* [Problem description]:
In the data below, find the line containing "text verzoekt de regering, voor" and the line containing "text Vraag 59 [422, 1357, 1087, 1379]", then reproduce them and every line between, exactly. Omit pictures.
Top of Input data
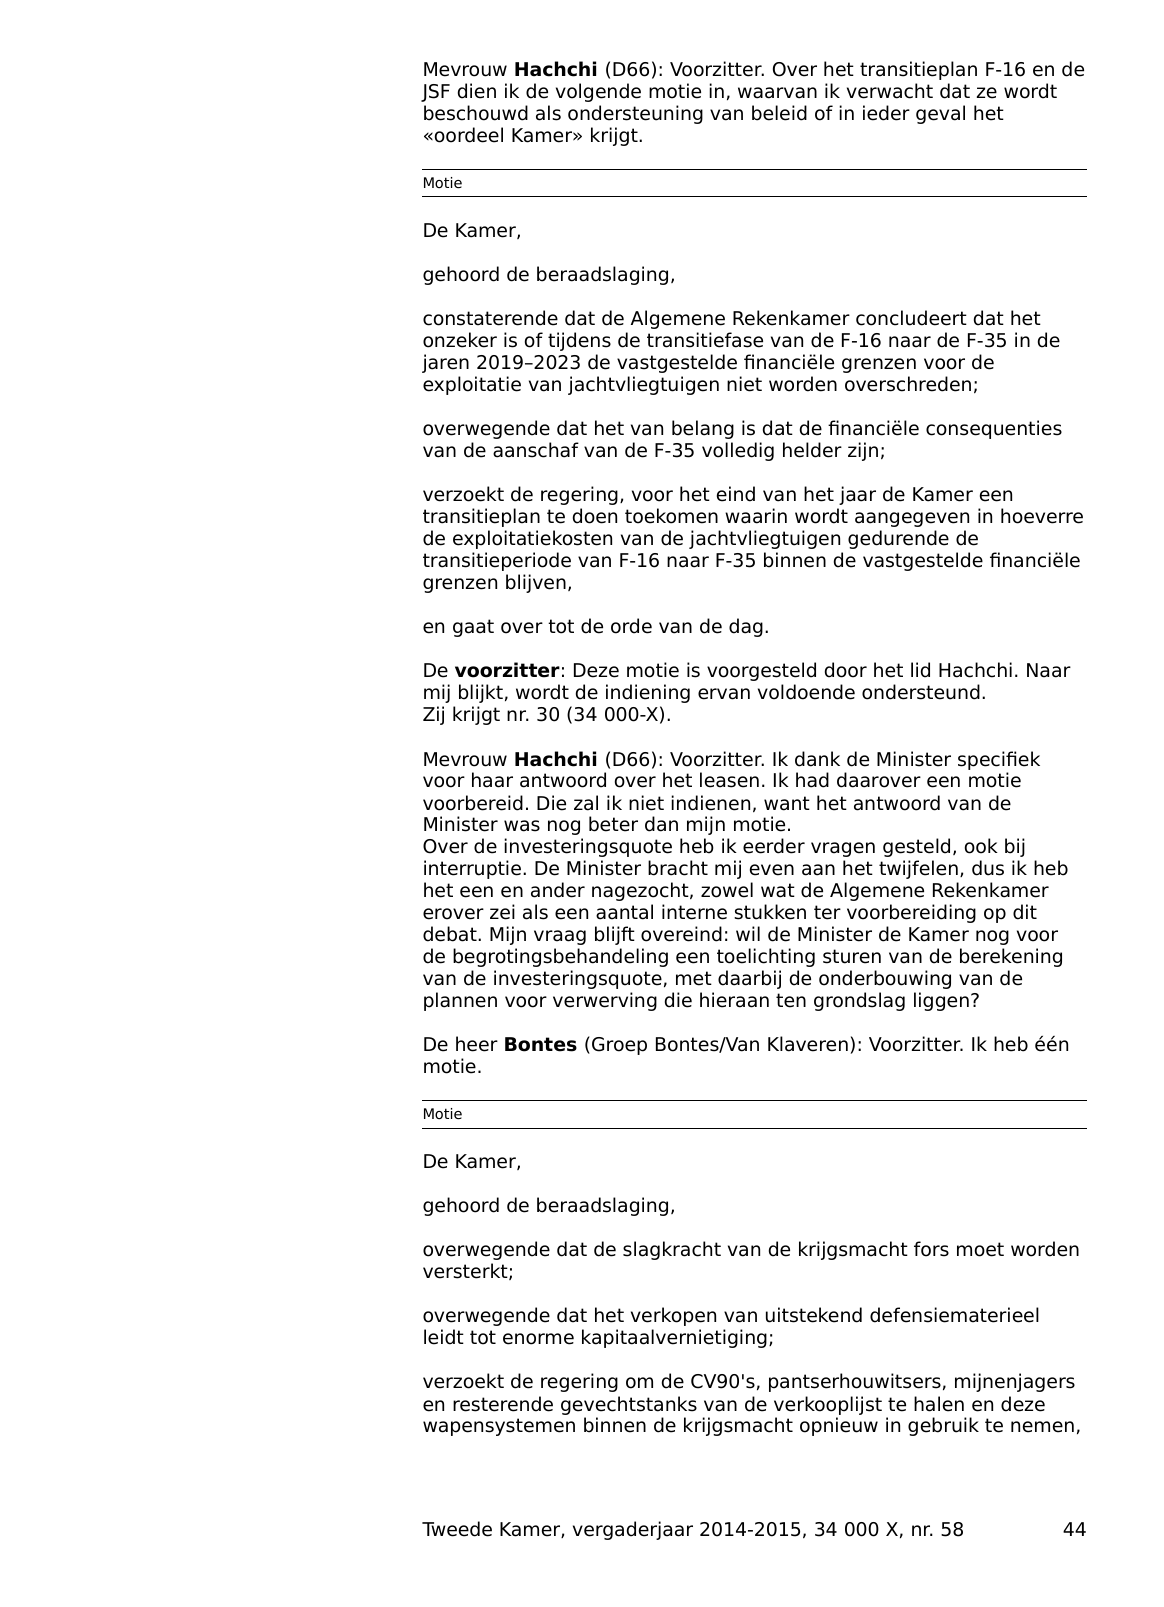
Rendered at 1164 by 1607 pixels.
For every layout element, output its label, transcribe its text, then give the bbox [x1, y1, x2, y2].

text De Kamer, [422, 1151, 1087, 1173]
text verzoekt de regering om de CV90's, pantserhouwitsers, mijnenjagers en resterende gevechtstanks van de verkooplijst te halen en deze wapensystemen binnen de krijgsmacht opnieuw in gebruik te nemen, [422, 1371, 1087, 1437]
text Over de investeringsquote heb ik eerder vragen gesteld, ook bij interruptie. De Minister bracht mij even aan het twijfelen, dus ik heb het een en ander nagezocht, zowel wat de Algemene Rekenkamer erover zei als een aantal interne stukken ter voorbereiding op dit debat. Mijn vraag blijft overeind: wil de Minister de Kamer nog voor de begrotingsbehandeling een toelichting sturen van de berekening van de investeringsquote, met daarbij de onderbouwing van de plannen voor verwerving die hieraan ten grondslag liggen? [422, 836, 1087, 1012]
text Mevrouw Hachchi (D66): Voorzitter. Over het transitieplan F-16 en de JSF dien ik de volgende motie in, waarvan ik verwacht dat ze wordt beschouwd als ondersteuning van beleid of in ieder geval het «oordeel Kamer» krijgt. [422, 59, 1087, 147]
text Zij krijgt nr. 30 (34 000-X). [422, 704, 1087, 726]
text Mevrouw Hachchi (D66): Voorzitter. Ik dank de Minister specifiek voor haar antwoord over het leasen. Ik had daarover een motie voorbereid. Die zal ik niet indienen, want het antwoord van de Minister was nog beter dan mijn motie. [422, 748, 1087, 836]
table_header Motie [422, 1101, 1087, 1128]
text De voorzitter: Deze motie is voorgesteld door het lid Hachchi. Naar mij blijkt, wordt de indiening ervan voldoende ondersteund. [422, 660, 1087, 704]
text De Kamer, [422, 219, 1087, 241]
text en gaat over tot de orde van de dag. [422, 616, 1087, 638]
text verzoekt de regering, voor het eind van het jaar de Kamer een transitieplan te doen toekomen waarin wordt aangegeven in hoeverre de exploitatiekosten van de jachtvliegtuigen gedurende de transitieperiode van F-16 naar F-35 binnen de vastgestelde financiële grenzen blijven, [422, 484, 1087, 594]
text gehoord de beraadslaging, [422, 264, 1087, 286]
text overwegende dat het van belang is dat de financiële consequenties van de aanschaf van de F-35 volledig helder zijn; [422, 418, 1087, 462]
table_header Motie [422, 170, 1087, 196]
text gehoord de beraadslaging, [422, 1195, 1087, 1217]
text De heer Bontes (Groep Bontes/Van Klaveren): Voorzitter. Ik heb één motie. [422, 1034, 1087, 1078]
text constaterende dat de Algemene Rekenkamer concludeert dat het onzeker is of tijdens de transitiefase van de F-16 naar de F-35 in de jaren 2019–2023 de vastgestelde financiële grenzen voor de exploitatie van jachtvliegtuigen niet worden overschreden; [422, 308, 1087, 396]
text overwegende dat de slagkracht van de krijgsmacht fors moet worden versterkt; [422, 1239, 1087, 1283]
text overwegende dat het verkopen van uitstekend defensiematerieel leidt tot enorme kapitaalvernietiging; [422, 1305, 1087, 1349]
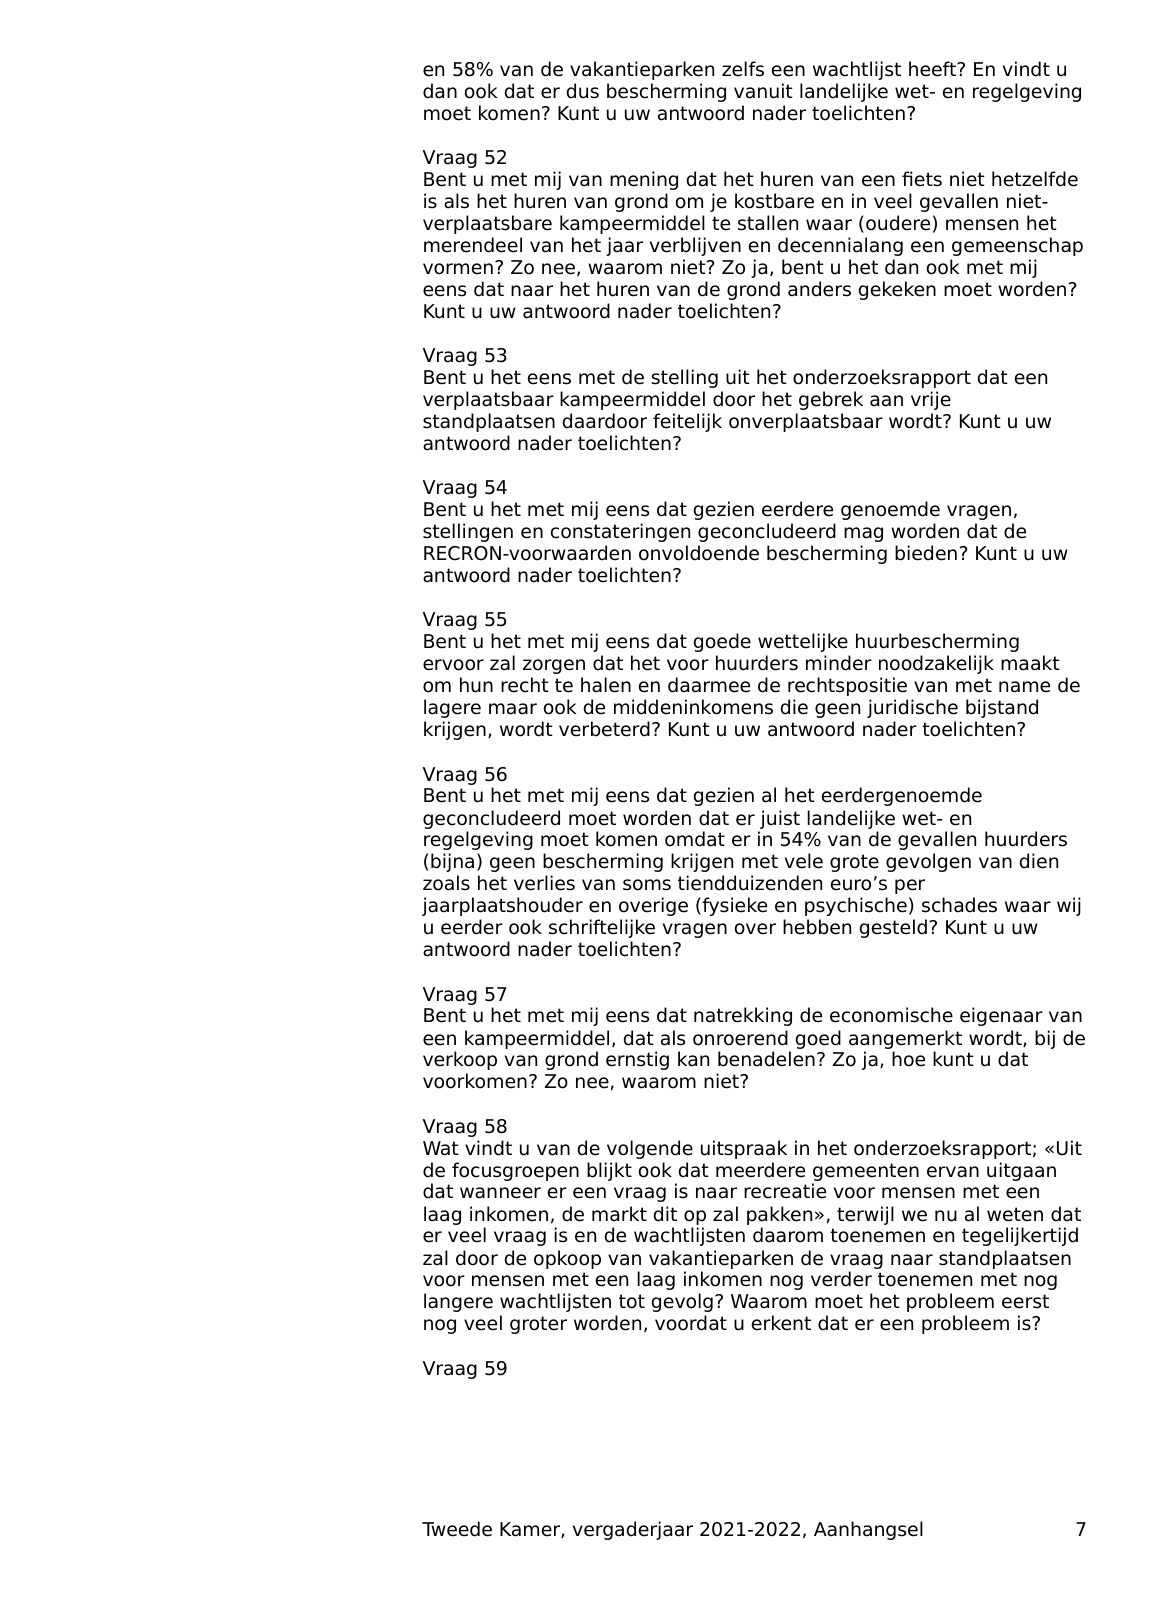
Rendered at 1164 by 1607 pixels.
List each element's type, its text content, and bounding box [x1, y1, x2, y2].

text Vraag 59 [422, 1357, 1087, 1379]
text Wat vindt u van de volgende uitspraak in het onderzoeksrapport; «Uit de focusgroepen blijkt ook dat meerdere gemeenten ervan uitgaan dat wanneer er een vraag is naar recreatie voor mensen met een laag inkomen, de markt dit op zal pakken», terwijl we nu al weten dat er veel vraag is en de wachtlijsten daarom toenemen en tegelijkertijd zal door de opkoop van vakantieparken de vraag naar standplaatsen voor mensen met een laag inkomen nog verder toenemen met nog langere wachtlijsten tot gevolg? Waarom moet het probleem eerst nog veel groter worden, voordat u erkent dat er een probleem is? [422, 1137, 1087, 1335]
text Vraag 52 [422, 147, 1087, 169]
text Vraag 53 [422, 345, 1087, 367]
text Bent u het met mij eens dat goede wettelijke huurbescherming ervoor zal zorgen dat het voor huurders minder noodzakelijk maakt om hun recht te halen en daarmee de rechtspositie van met name de lagere maar ook de middeninkomens die geen juridische bijstand krijgen, wordt verbeterd? Kunt u uw antwoord nader toelichten? [422, 631, 1087, 741]
text Bent u met mij van mening dat het huren van een fiets niet hetzelfde is als het huren van grond om je kostbare en in veel gevallen niet-verplaatsbare kampeermiddel te stallen waar (oudere) mensen het merendeel van het jaar verblijven en decennialang een gemeenschap vormen? Zo nee, waarom niet? Zo ja, bent u het dan ook met mij eens dat naar het huren van de grond anders gekeken moet worden? Kunt u uw antwoord nader toelichten? [422, 169, 1087, 323]
text Vraag 58 [422, 1116, 1087, 1137]
text Vraag 54 [422, 477, 1087, 499]
text Bent u het met mij eens dat gezien eerdere genoemde vragen, stellingen en constateringen geconcludeerd mag worden dat de RECRON-voorwaarden onvoldoende bescherming bieden? Kunt u uw antwoord nader toelichten? [422, 499, 1087, 587]
text en 58% van de vakantieparken zelfs een wachtlijst heeft? En vindt u dan ook dat er dus bescherming vanuit landelijke wet- en regelgeving moet komen? Kunt u uw antwoord nader toelichten? [422, 59, 1087, 125]
text Bent u het met mij eens dat natrekking de economische eigenaar van een kampeermiddel, dat als onroerend goed aangemerkt wordt, bij de verkoop van grond ernstig kan benadelen? Zo ja, hoe kunt u dat voorkomen? Zo nee, waarom niet? [422, 1005, 1087, 1093]
text Vraag 56 [422, 763, 1087, 785]
text Bent u het eens met de stelling uit het onderzoeksrapport dat een verplaatsbaar kampeermiddel door het gebrek aan vrije standplaatsen daardoor feitelijk onverplaatsbaar wordt? Kunt u uw antwoord nader toelichten? [422, 367, 1087, 455]
text Vraag 57 [422, 983, 1087, 1005]
text Bent u het met mij eens dat gezien al het eerdergenoemde geconcludeerd moet worden dat er juist landelijke wet- en regelgeving moet komen omdat er in 54% van de gevallen huurders (bijna) geen bescherming krijgen met vele grote gevolgen van dien zoals het verlies van soms tiendduizenden euro’s per jaarplaatshouder en overige (fysieke en psychische) schades waar wij u eerder ook schriftelijke vragen over hebben gesteld? Kunt u uw antwoord nader toelichten? [422, 785, 1087, 961]
text Vraag 55 [422, 609, 1087, 631]
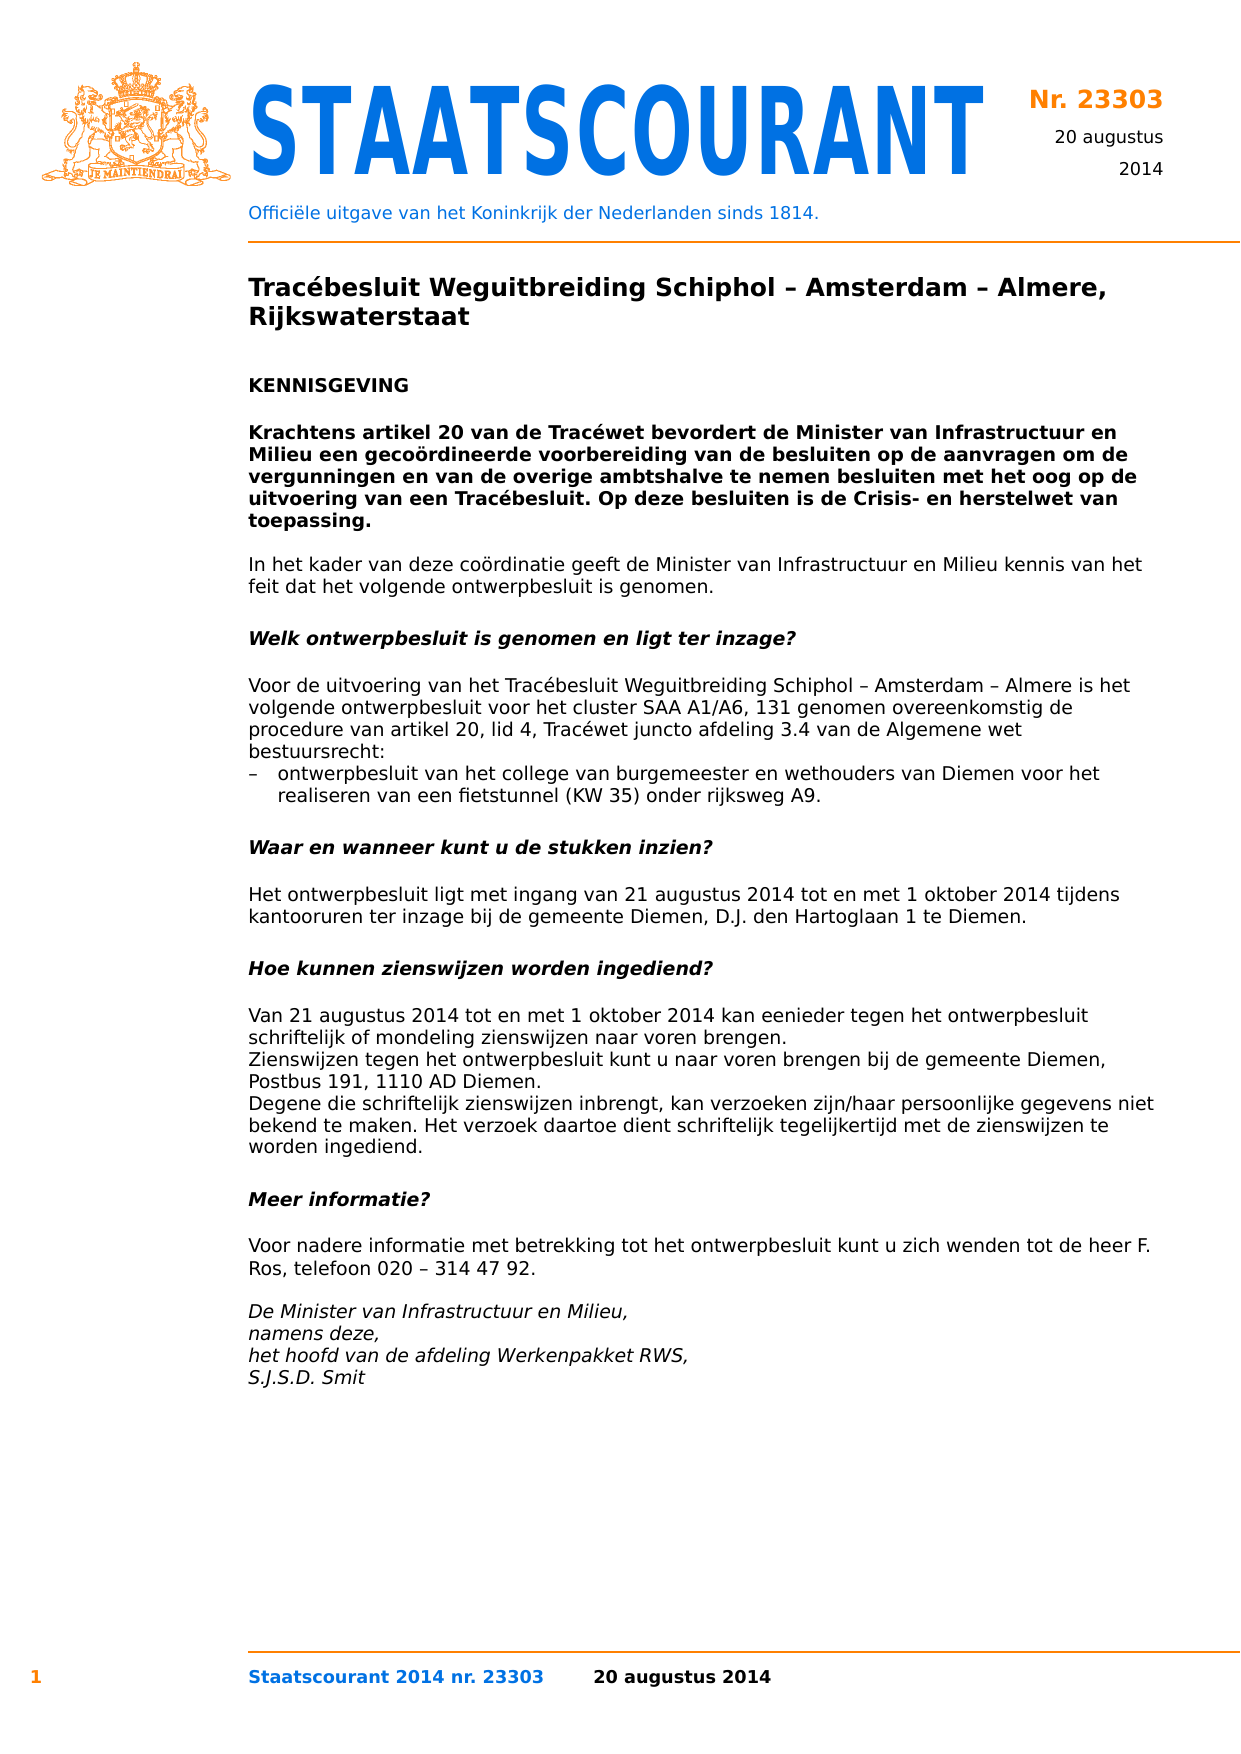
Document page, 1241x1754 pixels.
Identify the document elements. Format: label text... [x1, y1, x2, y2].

table_header STAATSCOURANT [248, 62, 998, 203]
text Degene die schriftelijk zienswijzen inbrengt, kan verzoeken zijn/haar persoonlijke gegevens niet bekend te maken. Het verzoek daartoe dient schriftelijk tegelijkertijd met de zienswijzen te worden ingediend. [248, 1092, 1163, 1158]
subtitle Meer informatie? [248, 1188, 1163, 1210]
table_header Nr. 23303 [998, 62, 1240, 121]
text Krachtens artikel 20 van de Tracéwet bevordert de Minister van Infrastructuur en Milieu een gecoördineerde voorbereiding van de besluiten op de aanvragen om de vergunningen en van de overige ambtshalve te nemen besluiten met het oog op de uitvoering van een Tracébesluit. Op deze besluiten is de Crisis- en herstelwet van toepassing. [248, 422, 1163, 532]
text Zienswijzen tegen het ontwerpbesluit kunt u naar voren brengen bij de gemeente Diemen, Postbus 191, 1110 AD Diemen. [248, 1048, 1163, 1092]
text De Minister van Infrastructuur en Milieu, namens deze, het hoofd van de afdeling Werkenpakket RWS, S.J.S.D. Smit [248, 1301, 1163, 1389]
subtitle KENNISGEVING [248, 375, 1163, 397]
subtitle Welk ontwerpbesluit is genomen en ligt ter inzage? [248, 628, 1163, 650]
table_cell 20 augustus [998, 121, 1240, 153]
text – ontwerpbesluit van het college van burgemeester en wethouders van Diemen voor het realiseren van een fietstunnel (KW 35) onder rijksweg A9. [248, 763, 1163, 807]
text Van 21 augustus 2014 tot en met 1 oktober 2014 kan eenieder tegen het ontwerpbesluit schriftelijk of mondeling zienswijzen naar voren brengen. [248, 1004, 1163, 1048]
table_header [25, 62, 248, 241]
table_cell 2014 [998, 153, 1240, 203]
subtitle Tracébesluit Weguitbreiding Schiphol – Amsterdam – Almere, Rijkswaterstaat [248, 273, 1163, 331]
text Voor nadere informatie met betrekking tot het ontwerpbesluit kunt u zich wenden tot de heer F. Ros, telefoon 020 – 314 47 92. [248, 1235, 1163, 1279]
table_cell Officiële uitgave van het Koninkrijk der Nederlanden sinds 1814. [248, 203, 1240, 241]
subtitle Waar en wanneer kunt u de stukken inzien? [248, 837, 1163, 859]
text In het kader van deze coördinatie geeft de Minister van Infrastructuur en Milieu kennis van het feit dat het volgende ontwerpbesluit is genomen. [248, 554, 1163, 598]
text Het ontwerpbesluit ligt met ingang van 21 augustus 2014 tot en met 1 oktober 2014 tijdens kantooruren ter inzage bij de gemeente Diemen, D.J. den Hartoglaan 1 te Diemen. [248, 884, 1163, 928]
subtitle Hoe kunnen zienswijzen worden ingediend? [248, 958, 1163, 979]
text Voor de uitvoering van het Tracébesluit Weguitbreiding Schiphol – Amsterdam – Almere is het volgende ontwerpbesluit voor het cluster SAA A1/A6, 131 genomen overeenkomstig de procedure van artikel 20, lid 4, Tracéwet juncto afdeling 3.4 van de Algemene wet bestuursrecht: [248, 675, 1163, 763]
picture [41, 62, 231, 186]
Bottom of Input data
* [Response]:
text verzoekt de regering, voor het eind van het jaar de Kamer een transitieplan te doen toekomen waarin wordt aangegeven in hoeverre de exploitatiekosten van de jachtvliegtuigen gedurende de transitieperiode van F-16 naar F-35 binnen de vastgestelde financiële grenzen blijven, [422, 484, 1087, 594]
text gehoord de beraadslaging, [422, 264, 1087, 286]
text overwegende dat het van belang is dat de financiële consequenties van de aanschaf van de F-35 volledig helder zijn; [422, 418, 1087, 462]
table_header Motie [422, 170, 1087, 196]
text gehoord de beraadslaging, [422, 1195, 1087, 1217]
text De heer Bontes (Groep Bontes/Van Klaveren): Voorzitter. Ik heb één motie. [422, 1034, 1087, 1078]
text constaterende dat de Algemene Rekenkamer concludeert dat het onzeker is of tijdens de transitiefase van de F-16 naar de F-35 in de jaren 2019–2023 de vastgestelde financiële grenzen voor de exploitatie van jachtvliegtuigen niet worden overschreden; [422, 308, 1087, 396]
text overwegende dat de slagkracht van de krijgsmacht fors moet worden versterkt; [422, 1239, 1087, 1283]
text overwegende dat het verkopen van uitstekend defensiematerieel leidt tot enorme kapitaalvernietiging; [422, 1305, 1087, 1349]
Rendered at 1164 by 1607 pixels.
List each element's type, its text content, and bounding box [x1, y1, x2, y2].

text Vraag 59 [422, 1357, 1087, 1379]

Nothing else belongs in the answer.